P163. Quality of life for patients with deep remission vs. clinical remission and deep remission vs. absence of mucosal ulceration: 3-year data from CHARM/ADHERE
J.-F. Colombel1, R. Panaccione2, E. Louis3, M. Yang4, M. Skup4, P.F. Pollack4, R.B. Thakkar4, A. Camez4, P.M. Mulani4, J. Chao4, W.J. Sandborn5, 1Centre Hospitalier Universitaire de Lille, Hôpital Claude Huriez, Lille, France, 2University of Calgary, Calgary, Alberta, Canada, 3University of Liège and CHU Liège, Liège, Belgium, 4Abbott Laboratories, Abbott Park, IL, United States, 5University of California, San Diego, La Jolla, CA, United States
Deep remission (DR), defined as clinical remission (CR) + absence of mucosal ulceration (AMU), is an emerging treatment goal in Crohn's disease (CD). We compared quality of life (QOL) outcomes for up to 3 years in patients with DR vs. CR only and DR vs. AMU only.

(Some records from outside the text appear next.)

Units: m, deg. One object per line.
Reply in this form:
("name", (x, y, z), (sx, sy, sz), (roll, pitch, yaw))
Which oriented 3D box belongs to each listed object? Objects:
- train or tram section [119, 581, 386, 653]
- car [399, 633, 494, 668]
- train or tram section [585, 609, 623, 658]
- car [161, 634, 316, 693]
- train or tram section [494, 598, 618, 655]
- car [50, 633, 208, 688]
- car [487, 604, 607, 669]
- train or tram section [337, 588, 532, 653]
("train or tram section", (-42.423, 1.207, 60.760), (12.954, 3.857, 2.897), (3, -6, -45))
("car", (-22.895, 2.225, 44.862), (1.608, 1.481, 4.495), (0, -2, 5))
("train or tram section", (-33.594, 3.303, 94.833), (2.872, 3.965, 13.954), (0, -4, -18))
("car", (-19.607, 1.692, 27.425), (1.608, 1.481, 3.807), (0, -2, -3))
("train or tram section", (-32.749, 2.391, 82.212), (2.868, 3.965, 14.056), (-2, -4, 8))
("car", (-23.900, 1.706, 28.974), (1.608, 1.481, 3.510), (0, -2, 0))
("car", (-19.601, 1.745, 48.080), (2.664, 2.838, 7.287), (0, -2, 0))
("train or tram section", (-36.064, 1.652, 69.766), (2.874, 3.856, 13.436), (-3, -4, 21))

The 56-week CHARM trial and its 2-year open-label extension ADHERE were analyzed. Endoscopies were not performed in CHARM/ADHERE; thus, AMU was predicted via an index derived from a combination of biomarkers and patient self-reported symptoms. DR was defined as Crohn's Disease Activity Index (CDAI) value <150 + predicted AMU. The QOL outcomes included the achievement of normal status on the Short Form 36 [SF-36] physical component summary (SF-36 PCS >50)/mental component summary (SF-36 MCS >50) and Inflammatory Bowel Disease Questionnaire remission (IBDQ >170). Multivariate logistic regression, adjusting for adalimumab (yes/no) and baseline QOL status, was conducted using the observed values at each visit from Week 26 to Week 164 to assess QOL differences between DR vs. CR and DR vs. AMU. Average QOL changes from baseline were calculated.
A total of 778 patients were included in this assessment regardless of the treatment patients were randomized to. Odds of achieving normal status on SF-36 physical component summary and IBDQ remission were significantly greater for patients who achieved DR vs. CR or AMU only (Table 1). DR was associated with greater likelihood of SF-36 normal mental health status vs. AMU. IBDQ score improvements from baseline were significantly greater for DR vs. AMU at various time points. Improvements were also seen for DR vs. CR only (Table 2). Results for SF-36 improvements between DR vs. CR or AMU only were similar (data not shown).
|OR (95% CI)|
|DR vs. CR Only||DR vs. AMU Only|
|SF-36 PCS >50||2.0a (1.5, 2.8)||5.5a (3.4, 7.8)|
|SF-36 MCS >50||1.0 (0.7, 1.4)||4.1a (2.9, 5.8)|
|IBDQ >170||2.5a (1.7, 3.6)||11.1a (7.5, 16.4)|
|aP < 0.001.|
|IBDQ increase from baseline|
|Wk 26||Wk 56||Wk 92||Wk 116||Wk 140||Wk 164|
|DR vs. AMU||27.4a||22.8a||23.9a||30.1a||32.7a||20.4a|
|DR vs. CR||5.1||1.1||7.3||12.3a||10.2a||11.5a|
|aP < 0.05.|
Patients with CD who achieved predicted DR maintained better physical and disease-specific QOL outcomes for up to 3 years compared with patients who achieved only CR or AMU.
1. Sandborn WJ, et al. (2012), J Crohns Colitis 6(1Suppl): S3.